Он ждал рассвета. Зачем — сам не знал. Он сидел на корточках, спиной к дереву, на полпути между воротами и домом белого, неподвижный, как сама эта безветренная тьма, — и поворачивались созвездия, и козодои кричали все чаще и чаще, потом перестали, и пропели первые петухи, забрезжил зодиакальный свет и потух, и начали птицы, и ночь кончилась. С рассветом он поднялся к незапертой парадной двери, прошел по безмолвному коридору, вступил в спальню, куда, казалось ему, входил всего лишь минуту назад, остановился с раскрытой бритвой над дышащим, беззащитным и незащищенным горлом — перед делом, которое, казалось ему, он уже совершил. Потом он увидел, что глаза белого тихо смотрят на него, и тогда понял, почему дожидался рассвета.
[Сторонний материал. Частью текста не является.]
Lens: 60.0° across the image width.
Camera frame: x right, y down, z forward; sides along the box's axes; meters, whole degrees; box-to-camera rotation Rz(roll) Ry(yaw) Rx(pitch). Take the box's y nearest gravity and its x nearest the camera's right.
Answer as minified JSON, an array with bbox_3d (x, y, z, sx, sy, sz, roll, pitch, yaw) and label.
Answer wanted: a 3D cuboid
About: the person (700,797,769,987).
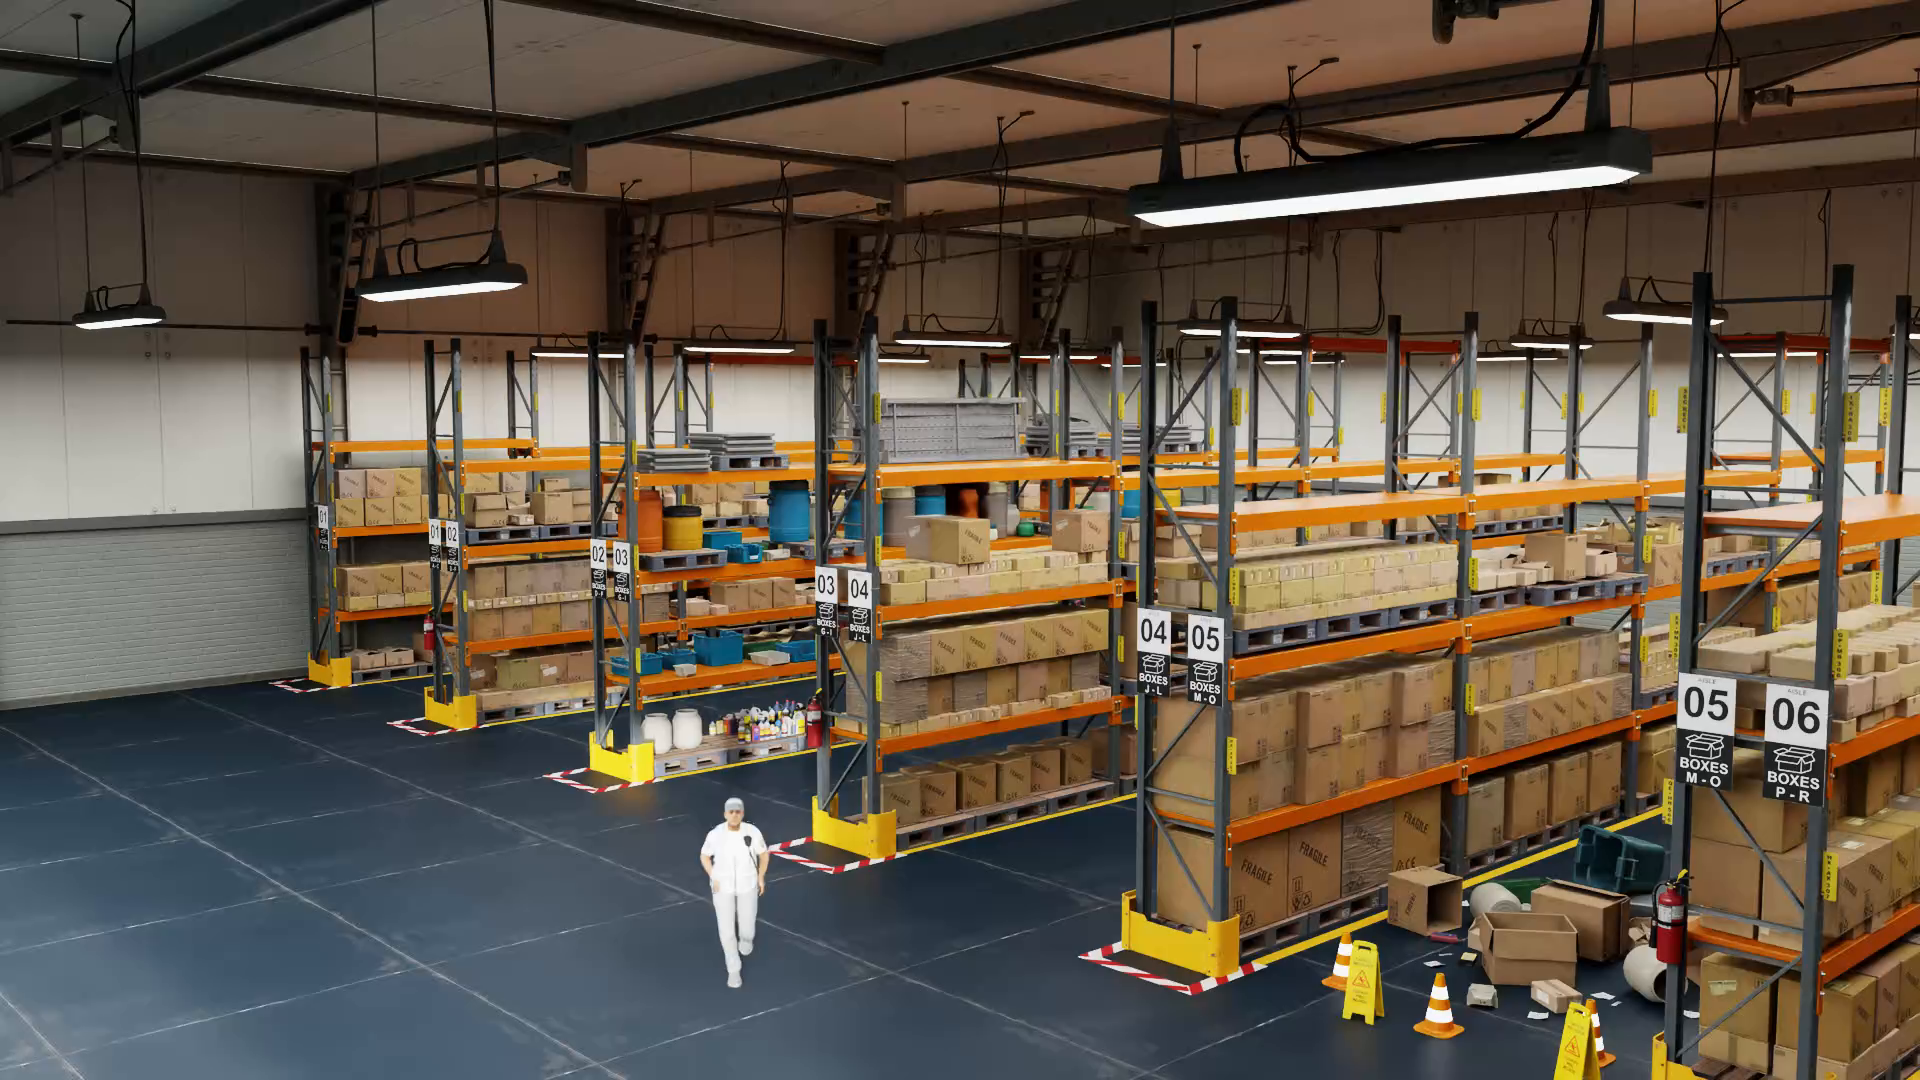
[{"bbox_3d":[-1.994,3.075,14.727,0.608,1.632,0.592,-1,5,-8],"label":"person"}]

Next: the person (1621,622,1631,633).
[{"bbox_3d":[10.073,2.096,25.115,0.609,1.722,0.657,-4,7,-41],"label":"person"}]
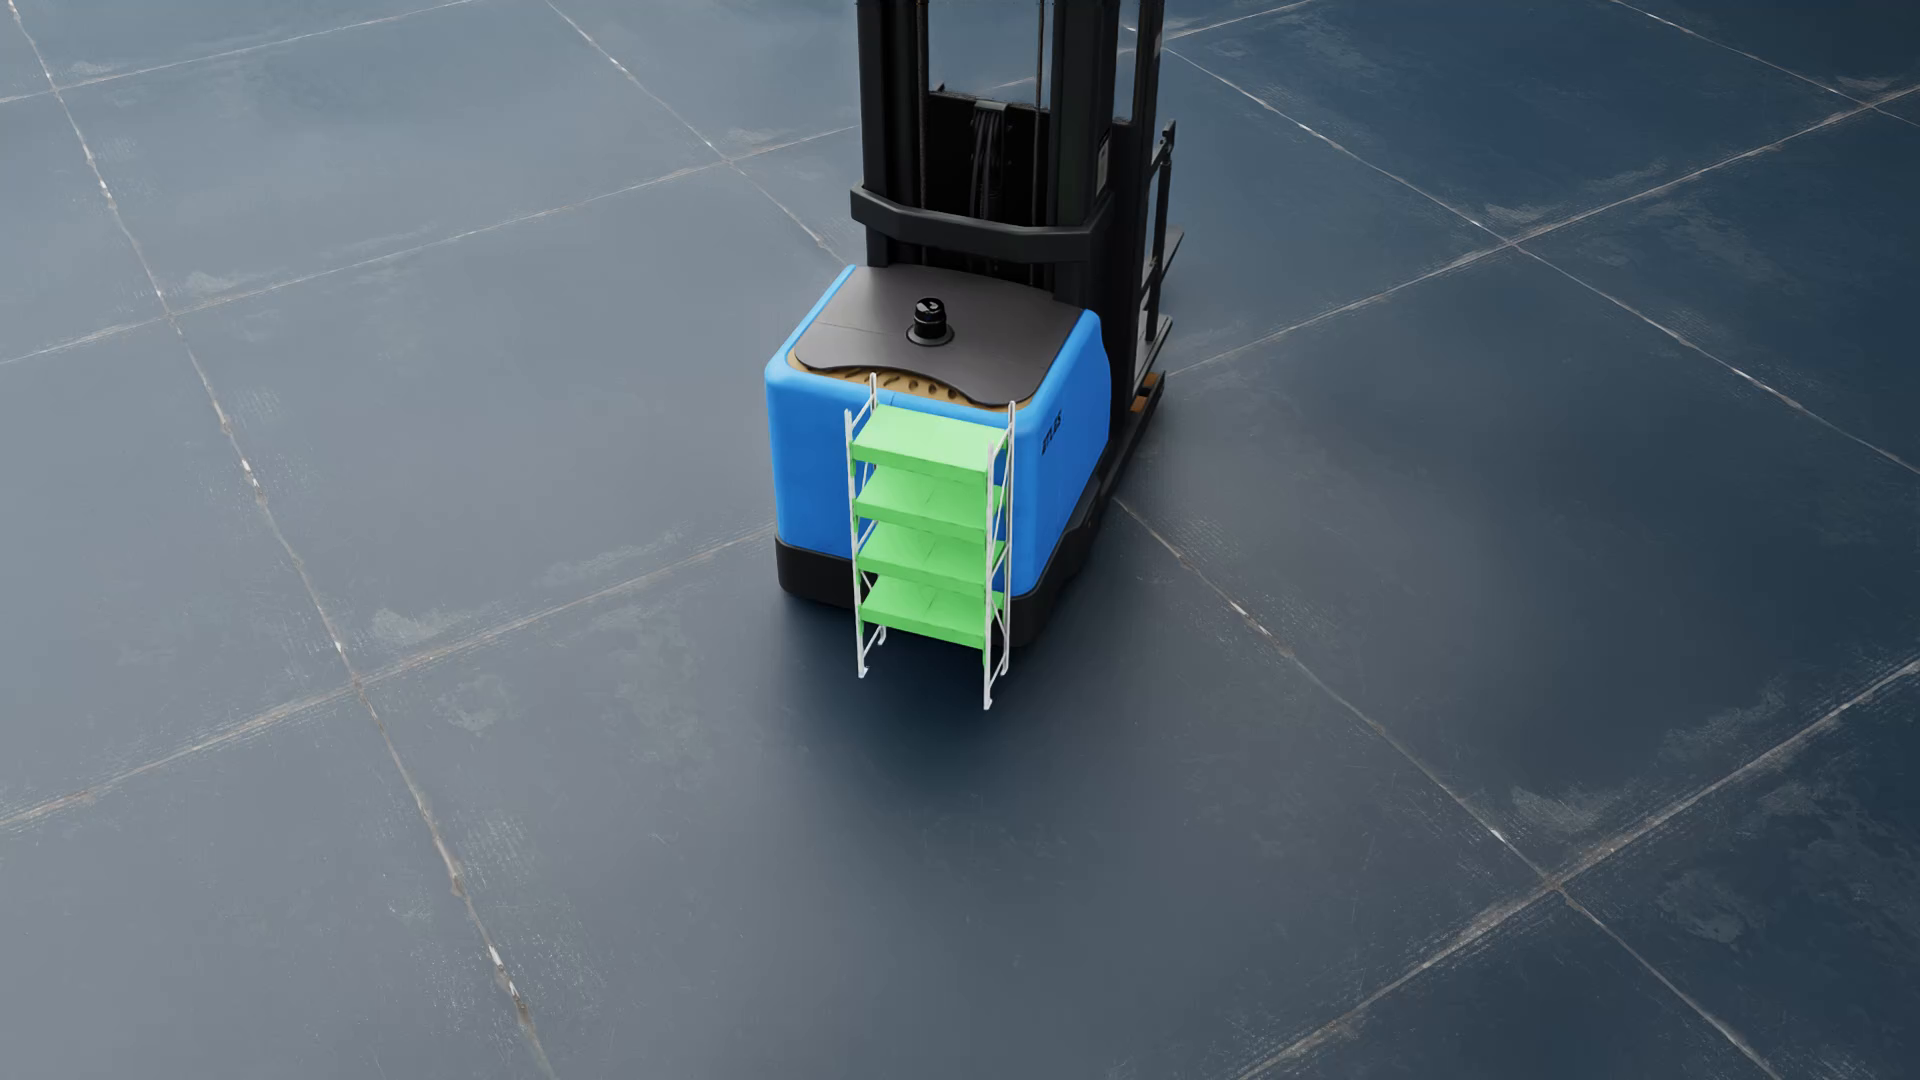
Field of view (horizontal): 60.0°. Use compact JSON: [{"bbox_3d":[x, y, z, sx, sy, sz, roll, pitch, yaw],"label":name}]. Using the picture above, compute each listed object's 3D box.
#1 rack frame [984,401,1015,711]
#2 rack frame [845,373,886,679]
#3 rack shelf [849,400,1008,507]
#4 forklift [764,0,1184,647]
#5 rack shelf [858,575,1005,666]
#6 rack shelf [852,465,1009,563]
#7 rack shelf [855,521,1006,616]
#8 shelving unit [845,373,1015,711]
[{"bbox_3d":[0.134,0.082,5.714,0.015,1.200,0.240,13,41,15],"label":"rack frame"},{"bbox_3d":[-0.326,-0.022,5.839,0.015,1.200,0.240,13,41,15],"label":"rack frame"},{"bbox_3d":[-0.096,-0.290,5.510,0.480,0.148,0.258,13,41,15],"label":"rack shelf"},{"bbox_3d":[0.277,-1.678,6.474,1.130,2.935,3.031,13,42,15],"label":"forklift"},{"bbox_3d":[-0.096,0.263,5.971,0.480,0.148,0.258,13,41,15],"label":"rack shelf"},{"bbox_3d":[-0.096,-0.105,5.664,0.480,0.148,0.258,13,41,15],"label":"rack shelf"},{"bbox_3d":[-0.096,0.079,5.818,0.480,0.148,0.258,13,41,15],"label":"rack shelf"},{"bbox_3d":[-0.096,0.030,5.777,0.503,1.200,0.258,13,41,15],"label":"shelving unit"}]
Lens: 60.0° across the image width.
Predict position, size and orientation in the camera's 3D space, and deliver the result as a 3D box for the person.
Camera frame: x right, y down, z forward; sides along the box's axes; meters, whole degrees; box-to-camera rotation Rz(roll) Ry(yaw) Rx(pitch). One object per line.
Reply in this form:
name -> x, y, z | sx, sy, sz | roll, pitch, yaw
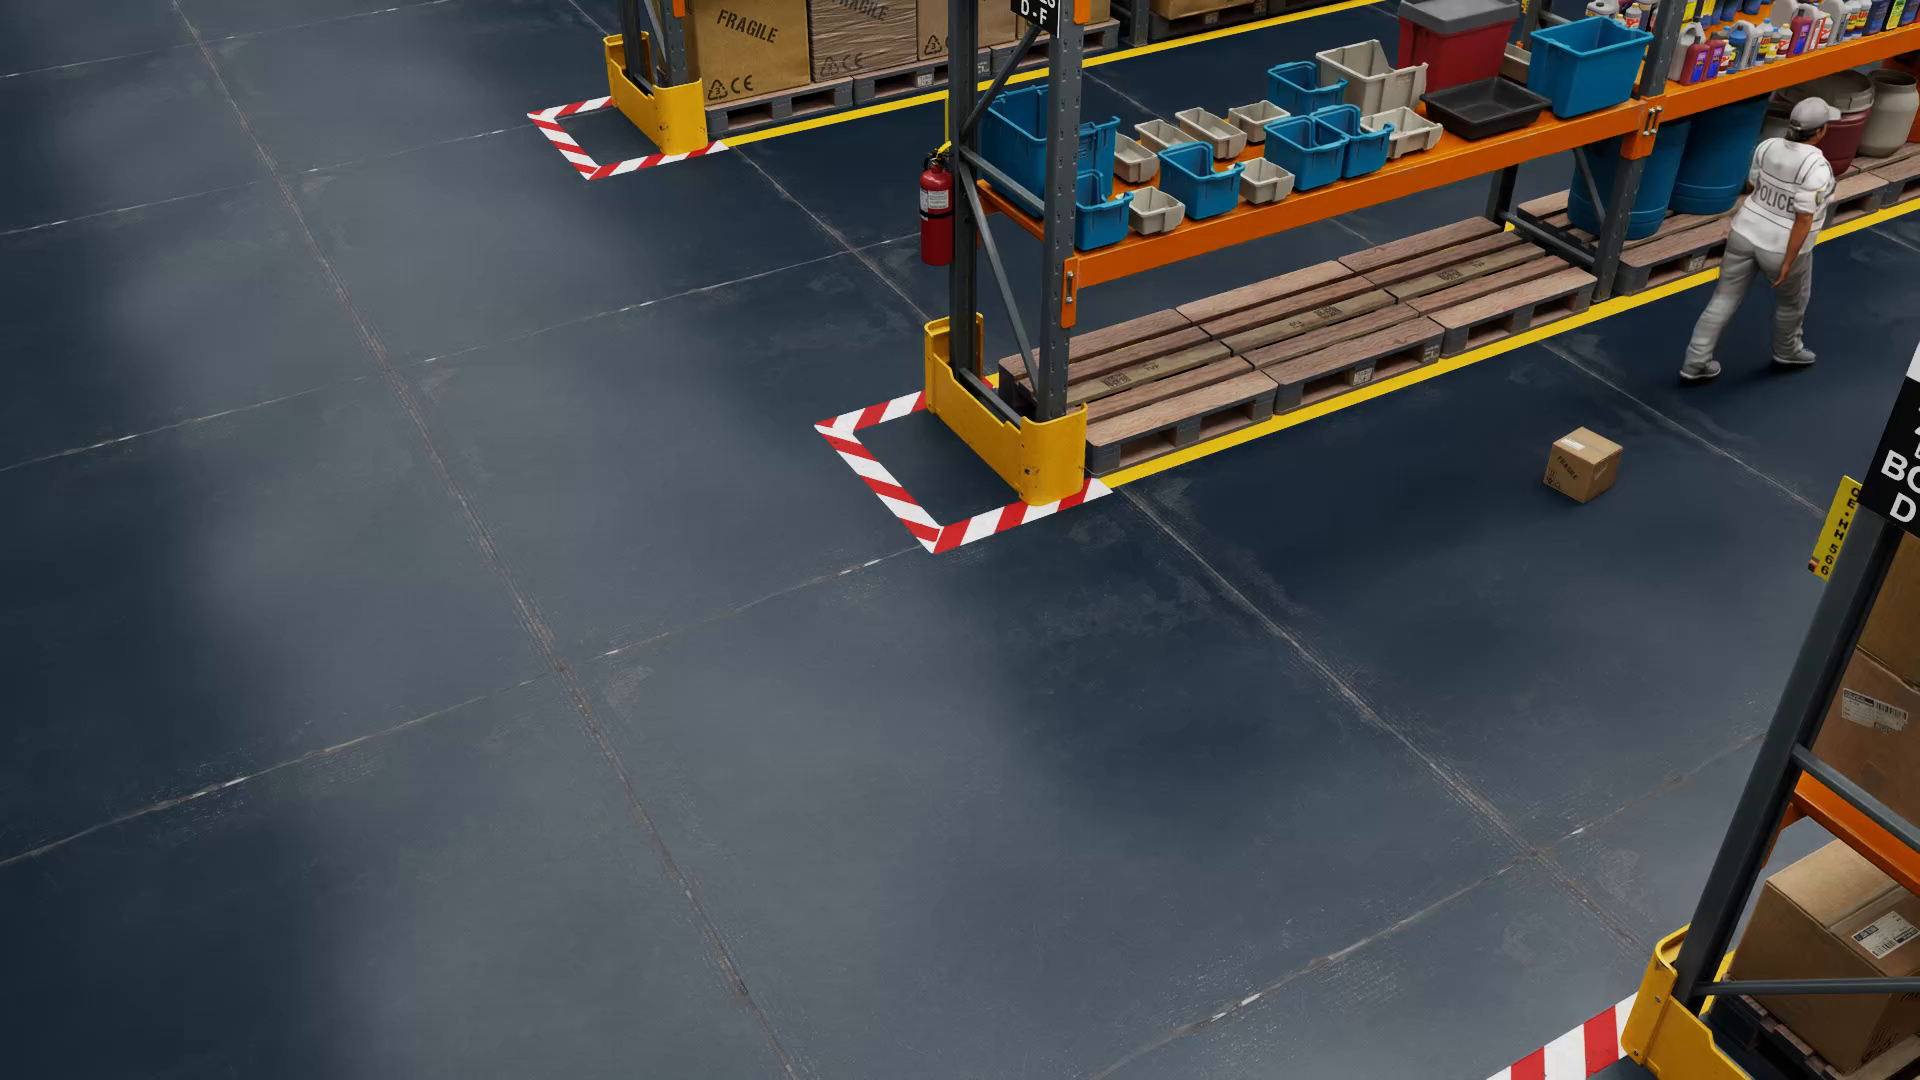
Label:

— Потому что вы тоже Маккаслин, — сказал он. — Хотя и через женщину. Может быть, это и есть причина. Может, поэтому вы так поступили: все, что вы и ваш отец получили от старика Карозерса, дошло до вас через женщину — ас этого создания спрос другой, чем с мужчины, и за дела свои она не отвечает, как мужчина. Так что я, может, уже простил бы вас, только простить не могу, потому что прощают только тем, кто тебе причинил зло; и даже Библия не велит прощать тем, кому ты хочешь навредить, потому что даже Христос под конец понял, что нельзя так много требовать от человека.
— Положи бритву, и я с тобой поговорю, — сказал Эдмондс.
— Вы знали, что я не боюсь, раз я тоже Маккаслин, и Маккаслин по отцу. Вы не думали: не сделает этого, потому что мы оба Маккаслины. И даже не думали: не осмелится, потому что негр. Нет. Вы думали, раз я негр, так я и возражать не стану. И не на бритву я надеялся. Я вам оставил выход. Может, я и не знал, что сделаю, когда вы отворите мою дверь, но знал, что хочу сделать, что собираюсь сделать, что велел бы мне сделать Карозерс Маккаслин. А вы не пришли. Не позволили мне сделать так, как хотел бы старик Карозерс. Вам надо было меня победить. Не бывать этому: даже завтра на рассвете, когда я мертвый буду висеть на суку и керосин еще не успеет потухнуть — не бывать этому.